Раньше, чем кто-нибудь понял, что он делает, он закрутил факел над головой сверкающим колесом и метнул его метеором в темные глубины.
И тут же раздался короткий крик. Все лица до одного повернулись к воде. Все лица были видны — освещены зловещим пламенем, поднявшимся над Темзой. Толпа глядела на него, как смотрят на комету.
— Вот,— крикнул Оуэн Гуд, хватая Элизабет за руку.— Вот оно, пророчество Крейна!
— Да кто такой Крейн? — спросила она.— И что он предсказывал?
— Он мой друг,— объяснил Гуд.— Просто старый друг. Ему не нравилось, что я сижу над книгой или с удочкой, и он сказал на том самом островке: «Может, ты и много знаешь, но Темзы тебе не поджечь, готов съесть свою шляпу!»

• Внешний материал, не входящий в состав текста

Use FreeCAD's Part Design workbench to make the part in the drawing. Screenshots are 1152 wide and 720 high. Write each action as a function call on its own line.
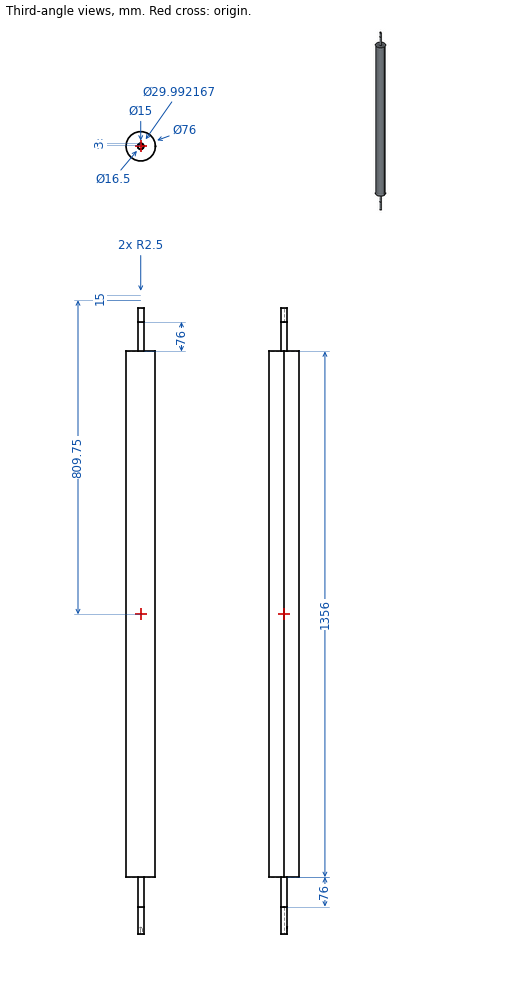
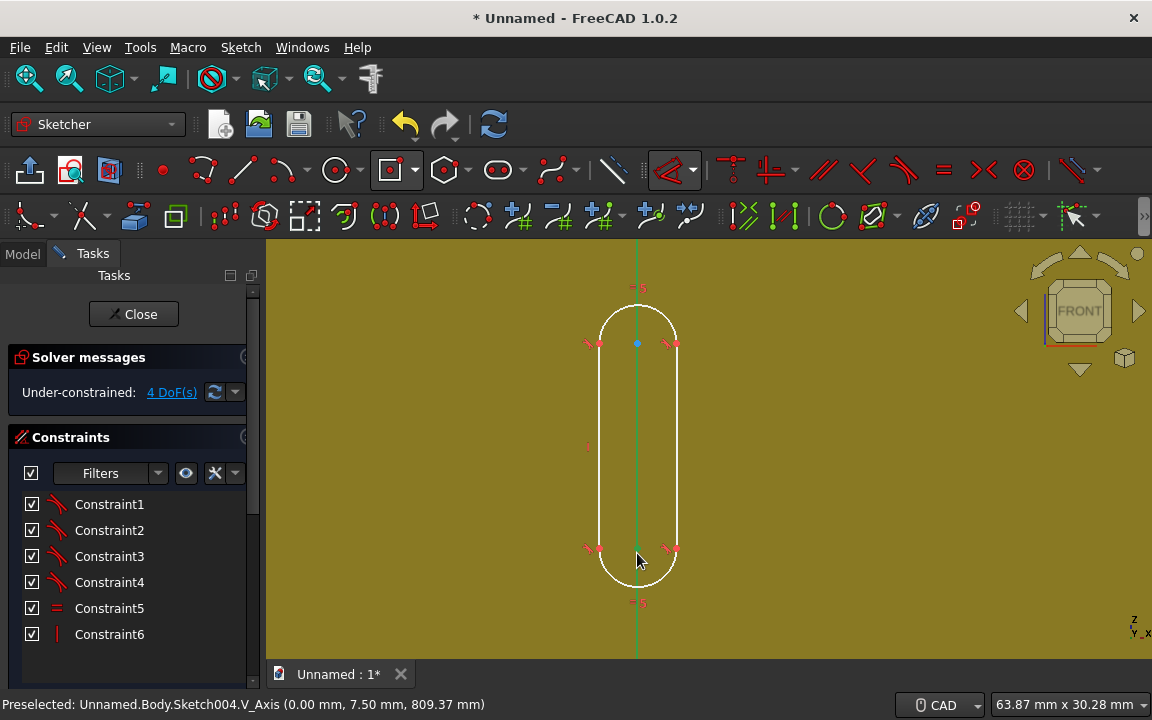
click(732, 170)

Повесть о том, как Крейн съел шляпу, читатели могут вспомнить, оглянувшись на тяжкий пройденный путь.
ДРАГОЦЕННЫЕ ДАРЫ КАПИТАНА ПИРСА
Тем, кто знаком с полковником Крейном и юристом Гудом, будет интересно (или неинтересно) узнать, что рано поутру они ели яичницу с ветчиной в кабаке «Голубой боров», стоящем у поворота дороги, на лесистом холме. Тем, кто с ними незнаком, мы сообщим, что полковник, сильно загорелый и безупречно одетый, и казался, и был молчаливым; а юрист, рыжий и как бы немного ржавый, молчаливым казался. Крейн любил хорошо поесть, а в этом кабачке кормили лучше, чем в кабачке богемном, и несравненно лучше, чем в дорогом ресторане. Гуд любил фольклор и сельские красоты, а в этой долине было так прохладно и тихо, словно западный ветер попал здесь в ловушку, приручился и стал летним воздухом. Оба любили красоту — и в женщине, и в пейзаже,— хотя (или потому что) были романтически преданы своим женам; но девушкой, служившей им — дочерью кабатчика,— залюбовался бы всякий. Она была тоненькая, тихая, но часто вскидывала голову, неожиданно и живо, словно коричневая птичка. Держалась она с неосознанным достоинством, ибо отец ее, Джон Харди, был кабатчиком старого типа, который сродни если не джентльмену, то йомену[15]. Он немало знал, много умел и лицом походил на Коббета[16], которого нередко читал зимними вечерами. Гуд, сохранивший, как и он, устарелую склонность к мятежу, любил с ним потолковать.
И в долине, и в сияющем небе царила тишина, хотя время от времени над головой пролетал аэроплан. Мужчины обращали на него не больше внимания, чем на муху, но девушка по всем признакам его замечала. Когда никто не глядел на нее, она смотрела вверх; когда же на нее глядели, старательно смотрела вниз.